Im Nachwort berichten die Autorinnen davon, wie zeitgenössische Quellen Lenchen Demuth als starke Frau und mitunter als die Säule der Familie Marx bezeichnen. Sie soll sich stark mit dem Gedankengut Karls und Jennys identifiziert und dieses auch selbst vertreten haben. Leider konnte ich diese Person kaum im vorliegenden Buch finden. Lenchen wirkte auf mich oft hilflos, unterwürfig und naiv. Ihre eigenen revolutionären Gedanken wirkten komplett "nachgeplappert" und unbeholfen. Wie jemand für das Recht der Arbeiter einstehen will und sich selbst so hemmungslos ausbeuten lässt von einer Familie, die ihr zwar kaum Lohn zahlen kann, aber rettungslos auf ihre Hilfe angewiesen ist, wird mir auch weiterhin unverständlich bleiben. Anschaulich dagegen waren die Lebensbedingungen der Marxens und ihre ständigen Geldprobleme. Die historischen Gegebenheiten blieben aber leider zu oft im Hintergrund, genauso, wie oft unklar blieb, was Karl Marx eigentlich tat und worauf er und sein Freund Friedrich Engels eigentlich warteten. Die beiden wirkten hier nicht wie die großen Vordenker und Revolutionäre, sondern eher orientierungs- und planlos und immer vom Geld anderer abhängig für ihre eigene Lebenshaltung. Die Liebesbeziehung zwischen Lenchen und Karl Marx, aber auch die Freundschaft zwischen Lenchen und Jenny schrammten für meinen Geschmack so manches Mal arg an der Grenze zum Kitsch. Dagegen haben mich die Geschichten um die Kinder, besonders, wenn wieder eines starb, sehr mitgenommen.

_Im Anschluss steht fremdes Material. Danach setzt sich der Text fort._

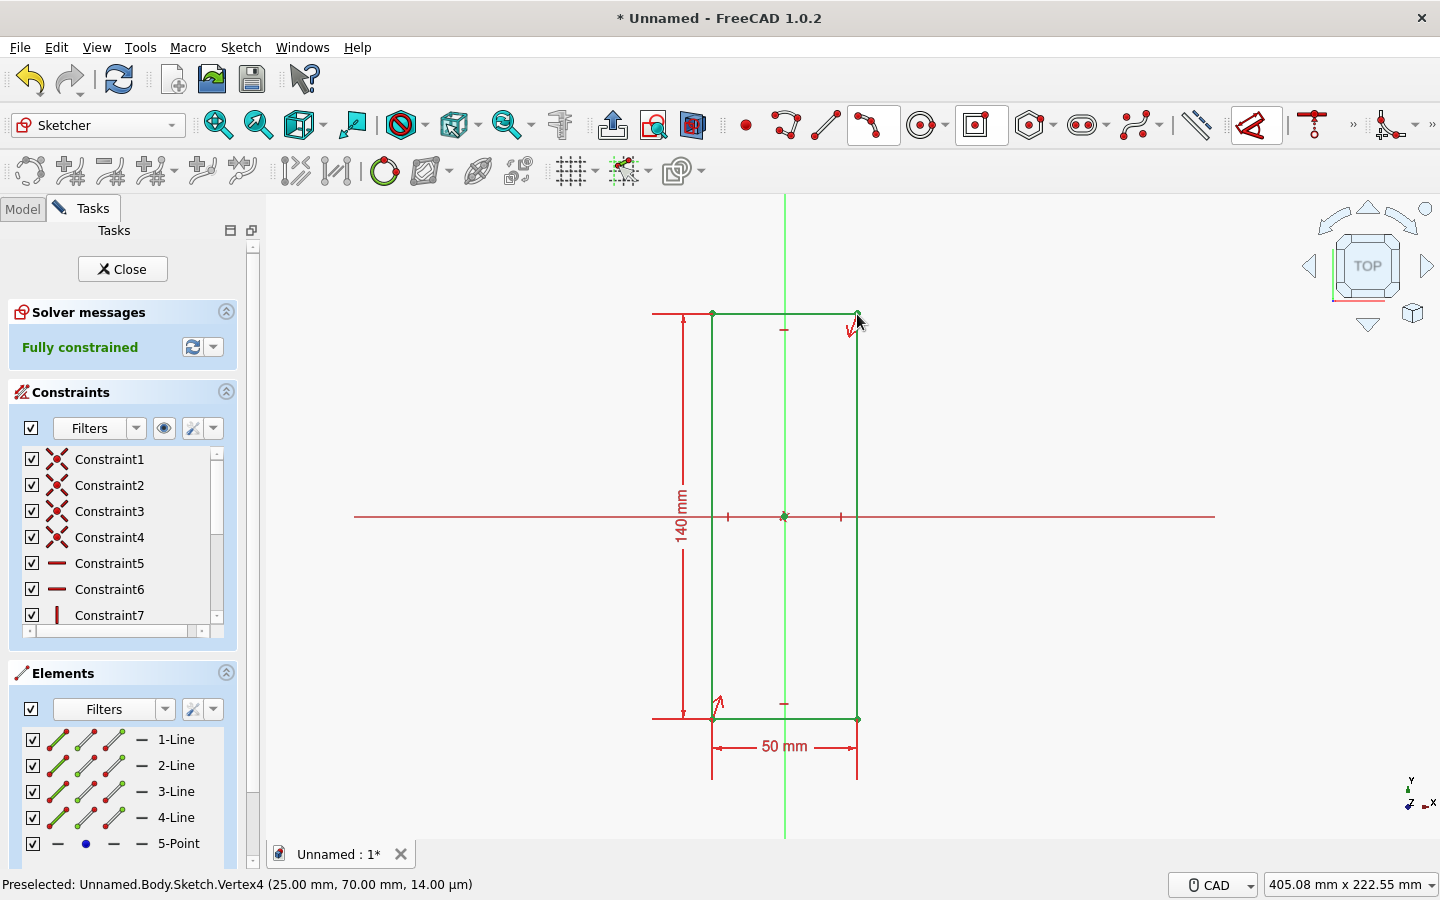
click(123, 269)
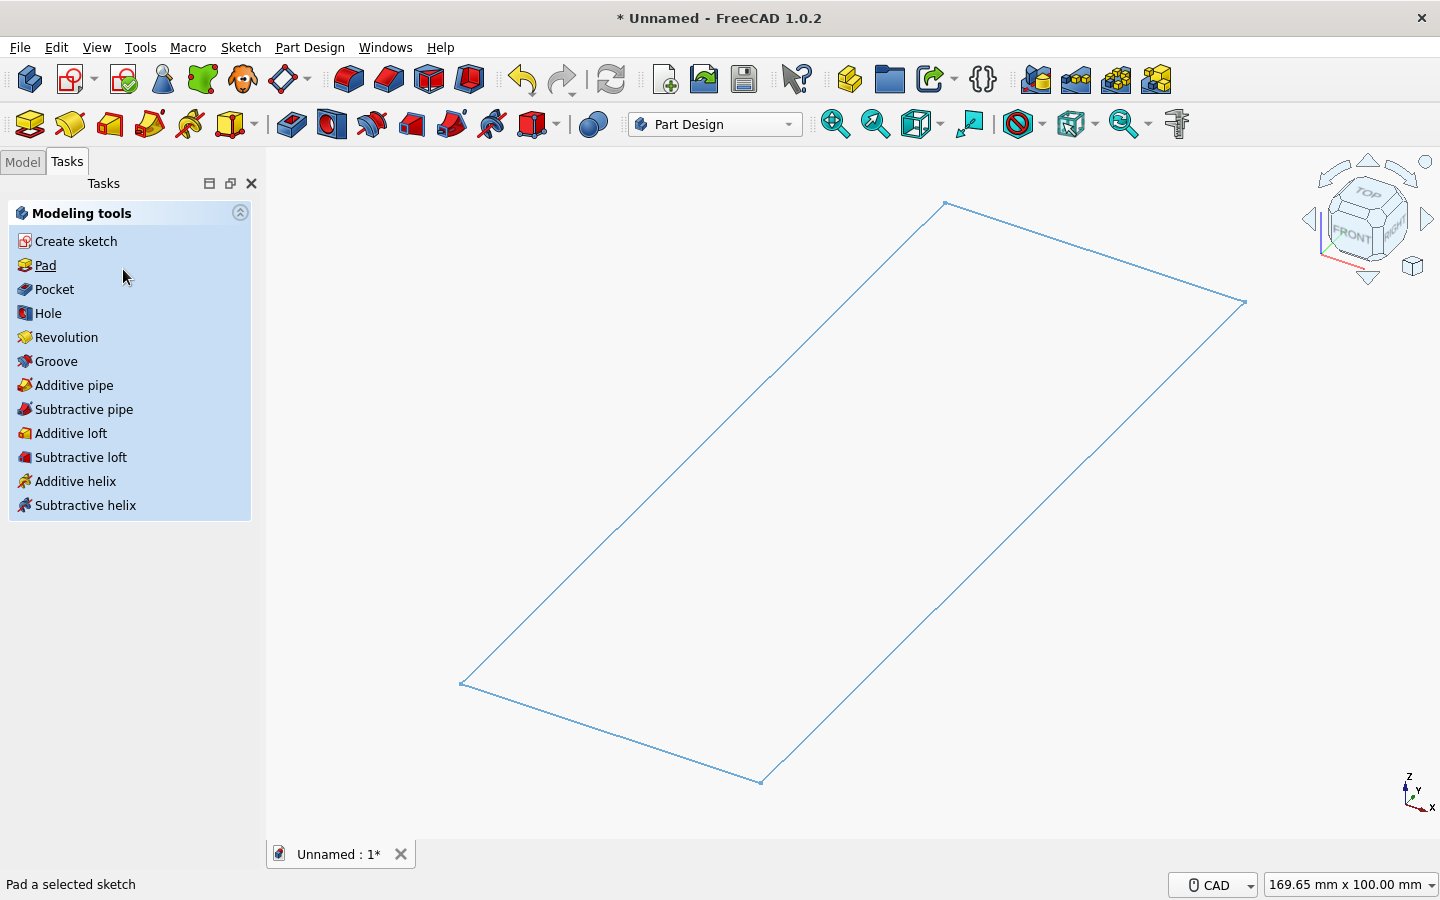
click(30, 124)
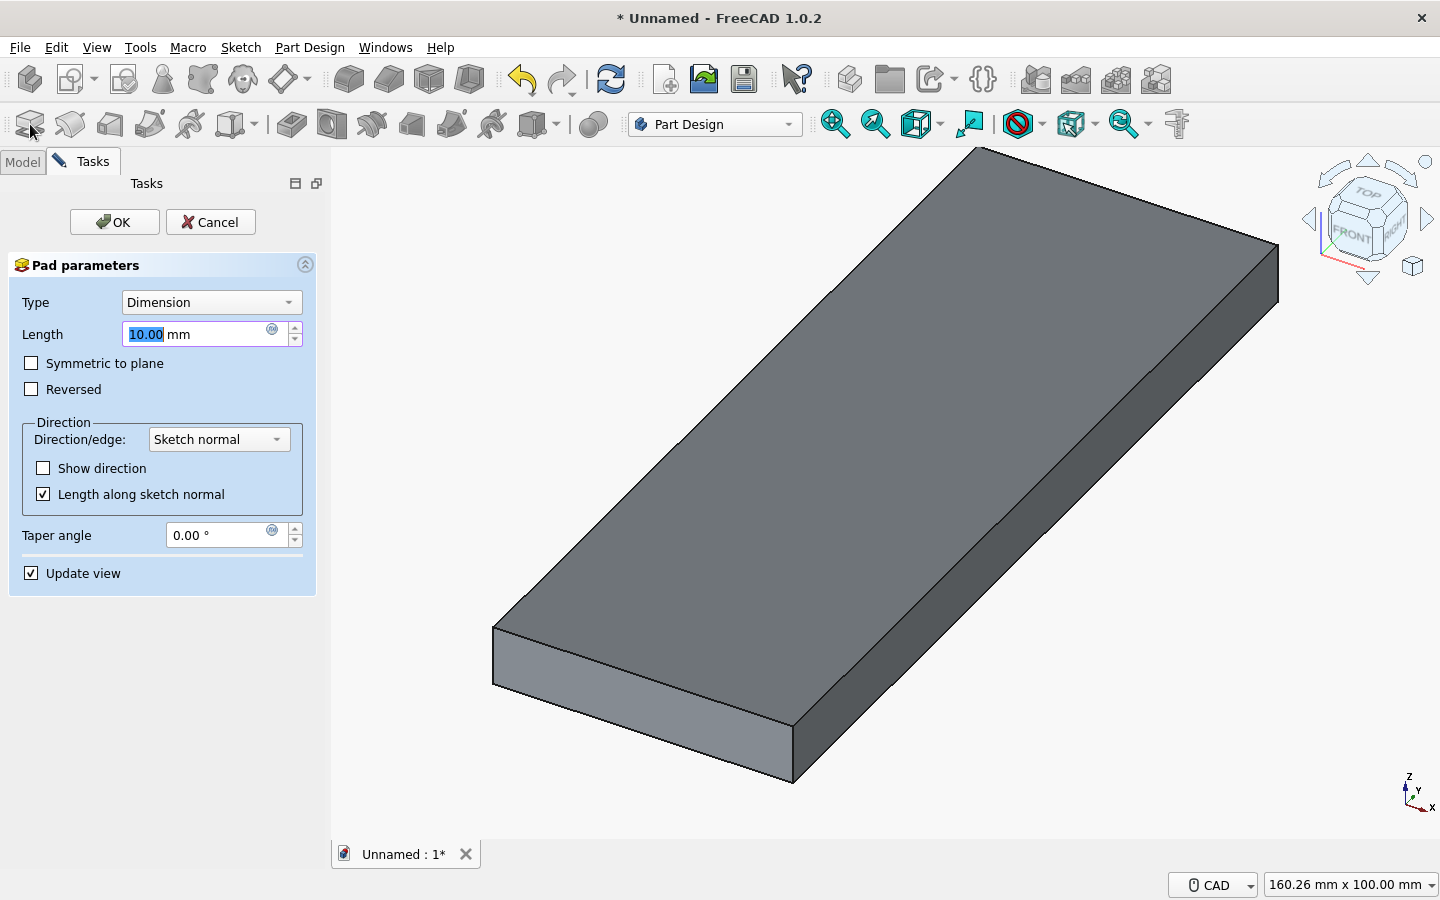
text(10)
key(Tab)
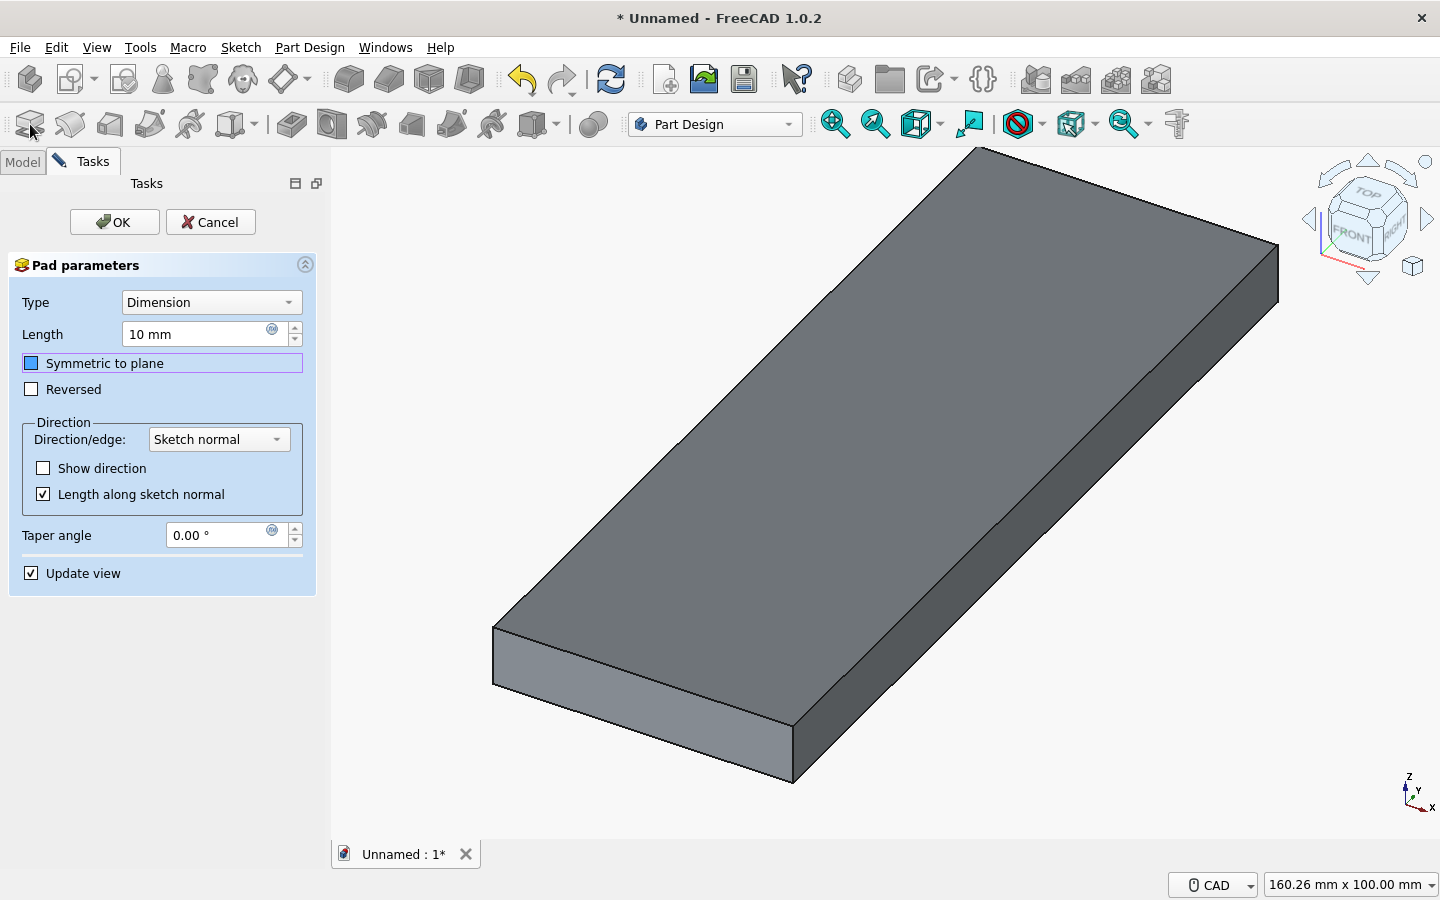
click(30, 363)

Alles in allem war "Revolution im Herzen" für mich ein durchwachsenes Leseerlebnis. Von der im Nachwort beschriebenen loyalen, klugen und starken Frau habe ich in diesem Roman nur wenig wiedergefunden. Viele von Lenchens Handlungen blieben für mich nicht nachvollziehbar. Die Beschreibungen der Armut der Bevölkerung als auch der Familie Marx wirkten jedoch lebensnah und zogen mich schon immer wieder in die Geschichte. Nur die Protagonistin und die sie umgebenden Figuren blieben mir bis zum Schluss fremd.